● **WHAT THE EXERCISE ASKS**:
In the listing below, which lines contain the string "inputGrad"? Copy them all.

● **DATA EXCERPTS**:
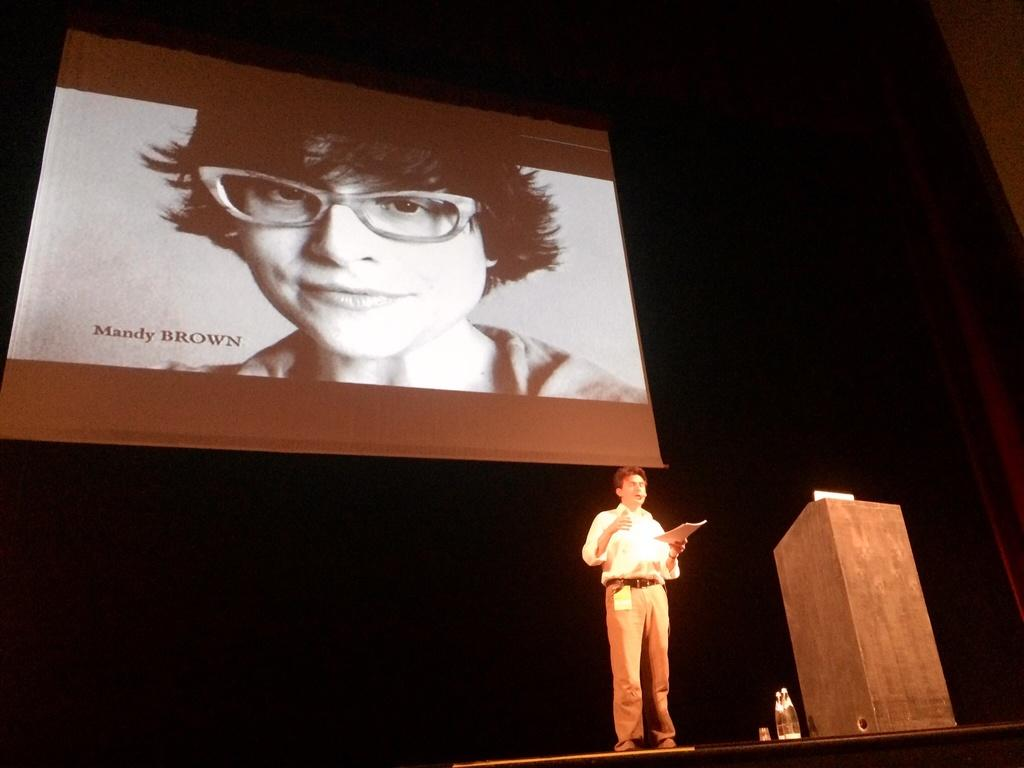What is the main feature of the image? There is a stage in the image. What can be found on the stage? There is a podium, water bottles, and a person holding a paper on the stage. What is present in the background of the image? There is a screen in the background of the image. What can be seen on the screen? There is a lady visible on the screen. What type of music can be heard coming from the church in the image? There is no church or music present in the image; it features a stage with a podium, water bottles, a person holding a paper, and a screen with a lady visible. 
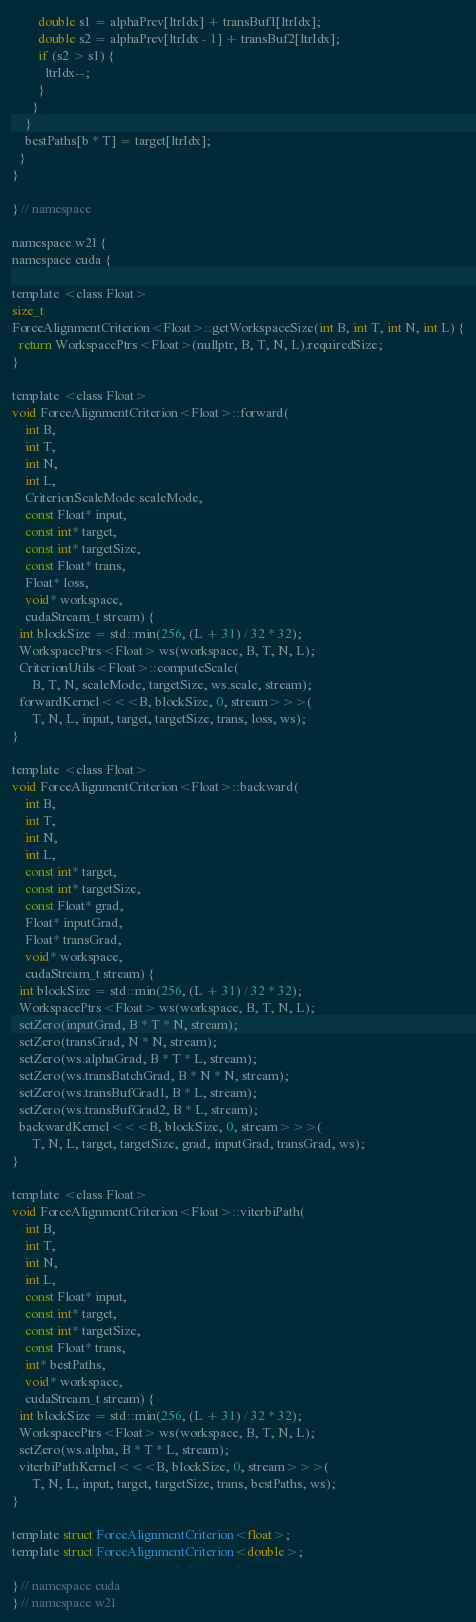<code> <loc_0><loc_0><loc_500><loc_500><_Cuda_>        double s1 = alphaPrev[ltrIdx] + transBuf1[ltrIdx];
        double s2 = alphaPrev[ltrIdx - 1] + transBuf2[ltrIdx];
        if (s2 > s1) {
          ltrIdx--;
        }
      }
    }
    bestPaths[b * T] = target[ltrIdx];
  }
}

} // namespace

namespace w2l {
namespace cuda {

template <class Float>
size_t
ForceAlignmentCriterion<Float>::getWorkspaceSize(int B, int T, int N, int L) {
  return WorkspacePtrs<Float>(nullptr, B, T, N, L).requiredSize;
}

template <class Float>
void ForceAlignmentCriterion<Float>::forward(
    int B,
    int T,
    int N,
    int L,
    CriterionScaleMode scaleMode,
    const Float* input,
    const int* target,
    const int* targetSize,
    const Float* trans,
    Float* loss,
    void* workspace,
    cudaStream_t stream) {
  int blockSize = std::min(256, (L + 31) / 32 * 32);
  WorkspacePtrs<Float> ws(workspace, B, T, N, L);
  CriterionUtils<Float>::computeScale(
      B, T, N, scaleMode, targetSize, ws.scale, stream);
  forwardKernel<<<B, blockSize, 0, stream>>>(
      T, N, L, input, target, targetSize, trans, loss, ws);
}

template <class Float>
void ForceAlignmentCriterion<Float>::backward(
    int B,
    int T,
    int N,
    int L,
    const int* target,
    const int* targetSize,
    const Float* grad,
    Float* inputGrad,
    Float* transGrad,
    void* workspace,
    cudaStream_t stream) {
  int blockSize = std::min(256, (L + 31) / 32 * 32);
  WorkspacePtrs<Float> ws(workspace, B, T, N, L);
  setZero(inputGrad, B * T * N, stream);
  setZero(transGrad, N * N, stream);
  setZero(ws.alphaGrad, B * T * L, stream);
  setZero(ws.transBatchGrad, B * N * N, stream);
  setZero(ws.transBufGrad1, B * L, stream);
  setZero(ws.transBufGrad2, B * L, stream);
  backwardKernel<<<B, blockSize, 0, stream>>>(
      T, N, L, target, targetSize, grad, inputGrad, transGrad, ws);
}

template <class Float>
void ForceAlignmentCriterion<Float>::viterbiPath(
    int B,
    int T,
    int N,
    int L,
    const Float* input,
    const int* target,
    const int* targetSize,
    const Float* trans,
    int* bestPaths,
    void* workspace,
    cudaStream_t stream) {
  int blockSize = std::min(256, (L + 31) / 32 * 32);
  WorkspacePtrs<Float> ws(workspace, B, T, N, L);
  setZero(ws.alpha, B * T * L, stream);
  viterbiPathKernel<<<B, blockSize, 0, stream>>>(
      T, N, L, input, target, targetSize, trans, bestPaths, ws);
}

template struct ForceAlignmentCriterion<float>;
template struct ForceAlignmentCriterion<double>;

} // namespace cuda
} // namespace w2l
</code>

● **PROBLEM SOLUTION**:
    Float* inputGrad,
  setZero(inputGrad, B * T * N, stream);
      T, N, L, target, targetSize, grad, inputGrad, transGrad, ws);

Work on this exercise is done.